St. Peter Herald v. City of St. Peter

481 N.W.2d 405, 19 Media L. Rep. (BNA) 2148, 1992 Minn. App. LEXIS 180, 1992 WL 37546
CourtCourt of Appeals of Minnesota
DecidedMarch 3, 1992
DocketNo. C9-91-1675
StatusPublished
Cited by5 cases

This text of 481 N.W.2d 405 (St. Peter Herald v. City of St. Peter) is published on Counsel Stack Legal Research, covering Court of Appeals of Minnesota primary law. Counsel Stack provides free access to over 12 million legal documents including statutes, case law, regulations, and constitutions.

Bluebook
St. Peter Herald v. City of St. Peter, 481 N.W.2d 405, 19 Media L. Rep. (BNA) 2148, 1992 Minn. App. LEXIS 180, 1992 WL 37546 (Mich. Ct. App. 1992).

Opinions

OPINION

EDWARD D. MULALLY, Acting Judge.

The trial court declared that the notice of claim received by the City of St. Peter qualified as protected nonpublic or confidential data under Minn.Stat. § 13.39, subd. 2. The trial court also denied counsel's request to participate in an in camera review of the document. We agree and affirm.

FACTS

On June 24, 1991, the St. Peter City Council held a closed meeting as permitted by the attorney-client privilege exception to the Minnesota Open Meeting Law. See Minn.Stat. § 471.705, subd. 3 (1990). Appellants, the St. Peter Herald and the Free Press of Mankato, requested information as to the purpose and subject of the meeting. The city attorney informed appellants that the city had recently received a notice of claim, pursuant to Minn.Stat. § 466.05, in the form of a letter from a private attorney.

The city attorney refused to provide copies of the letter to appellants and refused to provide specific information about the claim, contending it was classified as private data under the Minnesota Government Data Practices Act, Minn.Stat. §§ 13.01 through 13.90 (1990). Appellants sought disclosure of the document.
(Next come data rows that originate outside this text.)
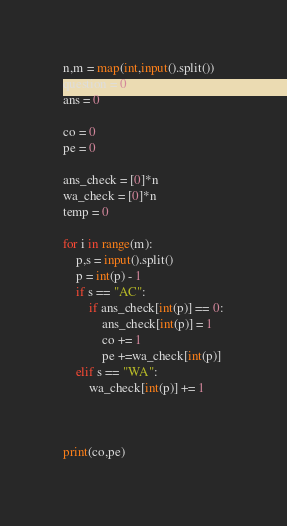Convert code to text. <code><loc_0><loc_0><loc_500><loc_500><_Python_>n,m = map(int,input().split())
question = 0
ans = 0

co = 0
pe = 0

ans_check = [0]*n
wa_check = [0]*n
temp = 0

for i in range(m):
    p,s = input().split()
    p = int(p) - 1
    if s == "AC":
        if ans_check[int(p)] == 0:
            ans_check[int(p)] = 1
            co += 1
            pe +=wa_check[int(p)]
    elif s == "WA":
        wa_check[int(p)] += 1
    


print(co,pe)

</code>

On August 6, 1991, the trial judge heard oral arguments, and decided to review the notice of claim in camera, as permitted by Minn.Stat. § 13.08, subd. 4. Appellants’ counsel requested that they be present during this review. The trial court denied their request. On August 9, 1991, the trial [407]*407court issued an order denying appellants’ request for disclosure on the grounds that the document was either protected nonpublic data or confidential data under Minn. Stat. § 13.39.

ISSUES

1. Did the trial court err in concluding that the notice of claim is protected nonpublic or confidential data under Minn.Stat. § 13.39?

2. Did the trial court err in excluding appellants’ counsel from an in camera review of the notice of claim?

ANALYSIS

The trial court ruled that the City of St. Peter need not release the Notice of Claim to the press because the document qualified as protected nonpublic or confidential data under the Government Data Practices Act. The applicable portion of the Act reads:

13.39 INVESTIGATIVE DATA
Subdivision 1. Definitions. A “pending civil legal action” includes but is not limited to judicial, administrative or arbitration proceedings. Whether a civil legal action is pending shall be determined by the chief attorney acting for the state agency, political subdivision or statewide system.
Subd. 2. Civil Actions. Data collected by state agencies, political subdivisions or statewide systems as part of an active investigation undertaken for the purpose of the commencement or defense of a pending civil legal action, or which are retained in anticipation of a pending civil legal action, are classified as protected nonpublic data * * * [or] confidential.

Minn.Stat. § 13.39, subds. 1, 2 (1990) (emphasis added). The trial court, after conducting an in camera review of the notice of claim, concluded that the city attorney had not abused his discretion in deciding that within the meaning of the statute a civil legal action was pending and therefore the document need not be released to the newspapers.

Black’s Law Dictionary defines pending” as:

Begun, but not yet completed; during; before the conclusion of; prior to the completion of; unsettled; undetermined; in process of settlement or adjustment. Thus, an action or suit is “pending” from its inception until the rendition of final judgment. See also Pendente lite.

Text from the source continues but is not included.